Historically a Democratic focus, drug pricing policy has been co-opted by Republicans, making it a bipartisan political issue. This alignment creates a stable policy overhang and sustained uncertainty around pricing and innovation, deterring generalist investors regardless of which party is in power.
Beyond tackling fatal diseases to increase lifespan, a new wave of biotech innovation focuses on "health span"—the period of life lived in high quality. This includes developing treatments for conditions often dismissed as aging, such as frailty, vision loss, and hearing decline, aiming to improve wellbeing in later decades.
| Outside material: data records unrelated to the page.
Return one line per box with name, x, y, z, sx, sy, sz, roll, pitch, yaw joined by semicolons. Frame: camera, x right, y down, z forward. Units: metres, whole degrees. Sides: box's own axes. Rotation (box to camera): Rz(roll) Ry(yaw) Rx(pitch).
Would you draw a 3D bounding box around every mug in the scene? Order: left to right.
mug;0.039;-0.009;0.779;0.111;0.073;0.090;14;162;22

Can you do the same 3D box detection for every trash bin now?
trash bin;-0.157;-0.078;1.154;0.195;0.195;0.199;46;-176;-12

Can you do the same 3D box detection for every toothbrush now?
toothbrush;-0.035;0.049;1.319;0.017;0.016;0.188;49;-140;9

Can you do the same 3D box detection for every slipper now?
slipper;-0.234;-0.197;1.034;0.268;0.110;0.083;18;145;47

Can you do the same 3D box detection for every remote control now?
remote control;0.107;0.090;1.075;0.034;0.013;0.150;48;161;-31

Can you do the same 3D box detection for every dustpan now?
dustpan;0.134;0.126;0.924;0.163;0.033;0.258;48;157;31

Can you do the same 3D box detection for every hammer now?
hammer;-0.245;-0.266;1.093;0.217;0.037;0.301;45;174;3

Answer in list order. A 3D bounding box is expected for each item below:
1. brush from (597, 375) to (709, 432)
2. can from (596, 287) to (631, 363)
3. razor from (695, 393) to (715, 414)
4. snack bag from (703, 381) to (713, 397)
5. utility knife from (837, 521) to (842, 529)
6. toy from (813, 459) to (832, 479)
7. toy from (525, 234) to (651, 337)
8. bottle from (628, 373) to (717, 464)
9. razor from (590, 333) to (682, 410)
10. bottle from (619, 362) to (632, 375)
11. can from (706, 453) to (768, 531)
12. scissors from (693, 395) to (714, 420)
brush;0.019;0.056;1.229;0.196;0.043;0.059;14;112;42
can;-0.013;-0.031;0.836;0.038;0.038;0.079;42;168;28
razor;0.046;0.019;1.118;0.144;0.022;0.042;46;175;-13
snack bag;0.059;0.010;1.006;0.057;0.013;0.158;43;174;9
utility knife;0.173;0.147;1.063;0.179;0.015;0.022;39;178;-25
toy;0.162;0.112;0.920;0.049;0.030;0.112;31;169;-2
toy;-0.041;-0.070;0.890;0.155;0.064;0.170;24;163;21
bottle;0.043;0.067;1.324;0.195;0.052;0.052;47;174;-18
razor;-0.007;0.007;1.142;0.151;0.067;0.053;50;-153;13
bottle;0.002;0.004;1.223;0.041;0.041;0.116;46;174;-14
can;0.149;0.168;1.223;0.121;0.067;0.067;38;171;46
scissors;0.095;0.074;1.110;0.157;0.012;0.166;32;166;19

While healthcare companies widely use AI for cost savings and R&D efficiency, it has not yet translated into measurable revenue or earnings growth. For equity investors, there are easier, more direct ways to invest in the AI trend, making healthcare a poor proxy for the theme until its financial impact becomes clear.
The healthcare sector's current struggles are not a recent phenomenon but a five-year trend of underperformance. This has culminated in its market cap weight in the S&P 500 dropping to 9%, the lowest level in three decades, signaling a significant, long-term investor rotation away from the industry.
The 2020-2021 biotech "bubble" pushed very early-stage companies into public markets prematurely. The subsequent correction, though painful, has been a healthy reset. It has forced the sector back toward a more suitable, long-duration private funding model where companies can mature before facing public market pressures.
Early-stage biotech companies are vulnerable to short selling in public markets because their experiments run for 12-24 months, creating long periods without news flow. With no catalysts to drive buying ("no bid"), hedge funds can short the stocks until data is released, highlighting a structural disadvantage of being public too early.